2.) Development-stage funding. This funding would be collected for the purpose of making a competitive bid for property and for funding renovations. The buildings we are targeting (former malls) are heavily debt-encumbered, and without other competitive offers. As such, we will not need to buy the property outright. Instead, we will offer to assume the standing debt attached to the property, with a reasonable repayment plan. We will achieve this by presenting a feasible path to debt repayment (on the 20-30 year timeframe) via raising the necessary funds to renovate the building and begin university operations. If sufficient funds for renovation are raised, we believe that we will be competitive for these buildings, meaning we can gain the real estate necessary for a university without the kind of capital-intensive investments needed in any other situation. Here we are taking advantage of the current market situation, with high vacancy rates and no path to recovery, to make an otherwise infeasible project achievable. In the alternative, we could propose a lease arrangement with a third-party, wherein the third-party would own the property and lease it to the university, meaning their investment is hedged by the real estate. For funding, we will be targeting VCs, real estate holders, and persons with a vested interest in the recovery of the City. We would be attempting to secure bond-funding from the California Educational Facilities Authority for long-term development, which can guarantee rates superior to the private market. Our projections have identified several buildings which, standing alone as the single real estate purchase, would be sufficient to run the minimal form of the university, meaning that our target investment is low. Funding in this round will not be expended unless targeted totals are reached and a deal for the building(s) are finalized. As such, risk is limited. We are targeting between $20 million and $100 million in initial renovation and development funding (to secure a line of credit for the entire renovation cost of approximately $200-300 million).

3.) Construction phase. Once the rights to the building are secured, and renovation is funded, we will begin construction. Construction is expected to take between 1 and 4 years, depending on the building. During this time period, we will be raising additional operating capital, and connecting with industry players. We will coordinate with the City government to secure City-level grants or tax benefits (as have already been contemplated), as well as City endorsement. At the same time, we hope to coordinate with the large technology players (Apple, Google, Meta, etc.) and the large VC / private equity firms to secure additional funding. In particular, we will aim to build employment pipelines and internship programs, ideally coordinated with the City to subject such co-op programs to competitive tax arrangements. We will also recruit faculty and administrative staff during this period, and apply for state and federal educational grants.
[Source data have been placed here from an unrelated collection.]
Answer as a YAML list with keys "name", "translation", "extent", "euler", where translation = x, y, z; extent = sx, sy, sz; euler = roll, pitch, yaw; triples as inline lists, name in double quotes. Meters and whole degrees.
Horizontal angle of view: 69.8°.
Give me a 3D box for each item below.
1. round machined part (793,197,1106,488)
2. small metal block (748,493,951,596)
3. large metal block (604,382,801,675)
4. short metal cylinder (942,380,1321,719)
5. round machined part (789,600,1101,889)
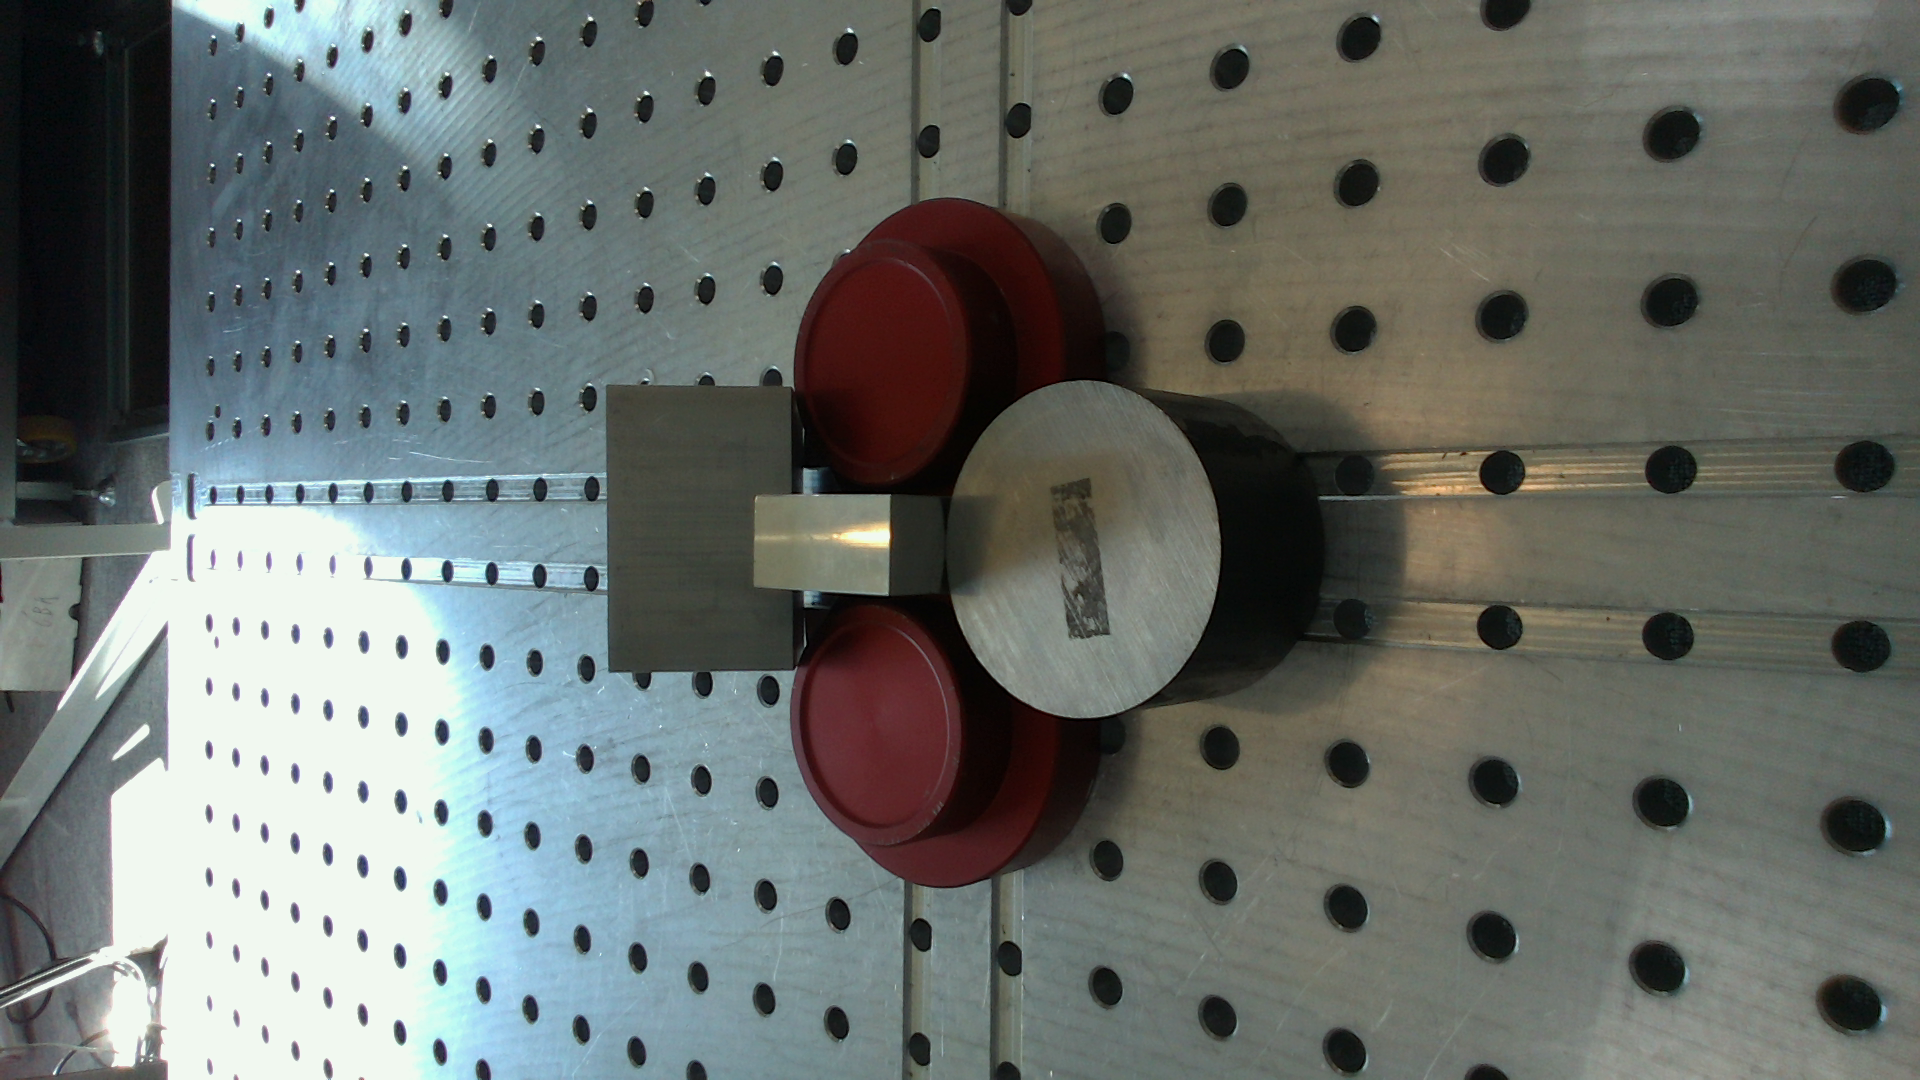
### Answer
- name: "round machined part"
  translation: [-0.010, -0.049, 0.396]
  extent: [0.098, 0.042, 0.098]
  euler: [0, 90, 40]
- name: "small metal block"
  translation: [-0.021, 0.001, 0.370]
  extent: [0.050, 0.050, 0.025]
  euler: [2, 91, 40]
- name: "large metal block"
  translation: [-0.075, -0.003, 0.417]
  extent: [0.050, 0.080, 0.080]
  euler: [-1, 90, -4]
- name: "short metal cylinder"
  translation: [0.042, 0.002, 0.345]
  extent: [0.080, 0.050, 0.080]
  euler: [0, 90, 40]
- name: "round machined part"
  translation: [-0.011, 0.051, 0.397]
  extent: [0.098, 0.042, 0.098]
  euler: [0, 90, 40]

4.) Operation. We aim to begin our first year with approximately ~2,000 undergraduate students, and between ~300-500 graduate students. This first class will repeat each year for four years, bringing our total capacity to approximately ~10,000 students (8,000 undergraduate, 2,000 graduate students) by Year Four. As we roll out our student body, we will construct facilities accordingly. Eventually, in the longer term, our plan would be to double the student body to approximately 20,000 in 20-30 years.

Why Invest?

For all investors — we will endeavor to return to you a profit. Universities generate a substantial amount of revenue (see below). We plan to operate as a for-profit core, overseen by a non-profit board that ensures the for-profit core does not take action that is unnecessarily deleterious to the educational mission or to the detriment of the students. Using this model, we plan to establish fixed plans with investors for a set return. Once that return is achieved, and all initial debts are repaid, the for-profit core will self-terminate, transitioning the entity into a purely non-profit enterprise. This for-profit start allows us to raise more capital for a project of this scale by allowing us to pledge a return.
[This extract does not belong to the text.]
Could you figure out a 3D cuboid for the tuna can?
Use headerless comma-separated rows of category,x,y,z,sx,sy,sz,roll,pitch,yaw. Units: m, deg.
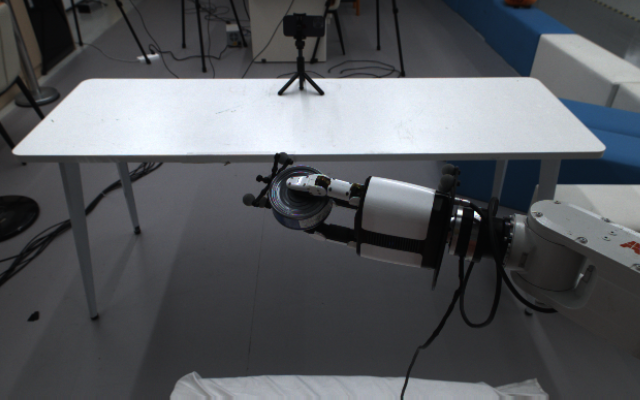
tuna can,-0.023,0.000,0.654,0.085,0.034,0.085,-1,62,1

If you are a holder of real estate in downtown San Francisco — investing in us is investing in the future of your own properties. There is no reasonable path to full recovery in downtown. Your property will continue to suffer high expenses and a low amount of buyers. A small investment with us will help revitalize the area, which in turn will skyrocket the value of your existing holdings throughout the region, and increase the likelihood of you achieving lucrative leases. We would also be interested in direct property transfer as a form of investment — placing university facilities directly intermingled with your office, event, or retail space.
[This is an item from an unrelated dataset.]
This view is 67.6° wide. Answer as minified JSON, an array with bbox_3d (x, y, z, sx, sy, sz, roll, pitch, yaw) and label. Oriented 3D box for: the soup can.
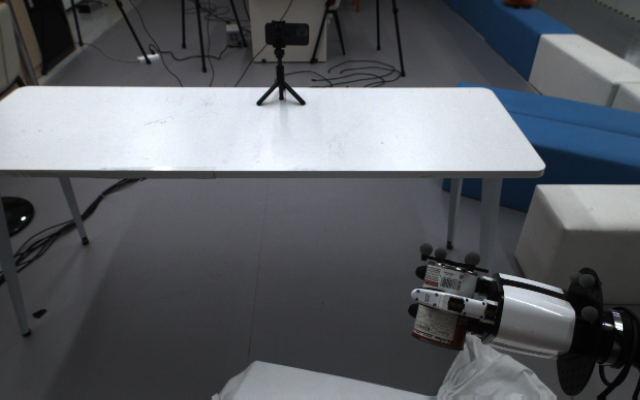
[{"bbox_3d":[0.168,0.136,0.639,0.067,0.101,0.067,13,-6,1],"label":"soup can"}]

If you are a company that operates in downtown, your investment is in your own future. Build the talent pipeline of your dreams. We are more than happy to build the exact training curriculum that you need. Further, you will have access to a rooted population of workers in need of internships, faculty on the cutting edge of ideas, and research labs powering the future. Our goal is to establish partnerships between our labs and private industry in order to monetize joint discoveries.

Additionally, a substantial part of our curriculum is mid-career training. As your workforce falls behind state-of-the-art learning, you face a difficult choice. You could attempt to replace and retrain staff. Or you can try pay for mid-career training. We provide an easy solution — mid-career masters, certificates, or training, part-time in-person in downtown San Francisco, with the same faculty that teach in the university. Your employees can leave the office, walk down the street, and take an hour-long class on the newest advances in AI or machine learning, returning to the office before lunch.

And of course, making downtown a pleasant place is in your interest because that is where you live and work! It certainly makes return-to-office more palatable.

To all investors — this is simply a good idea that will make the City a better place. No other project can have as much of a positive impact as this. We are talking about a university, an institution that will further human knowledge and help cement the Bay as the academic heart of the country. San Francisco deserves to have such an institution within its borders, and our people deserve academic vibrancy, public lectures and debates, and cutting-edge innovation again centered in our City.

If you have any concerns, simply join us. We want to build this together — as a City.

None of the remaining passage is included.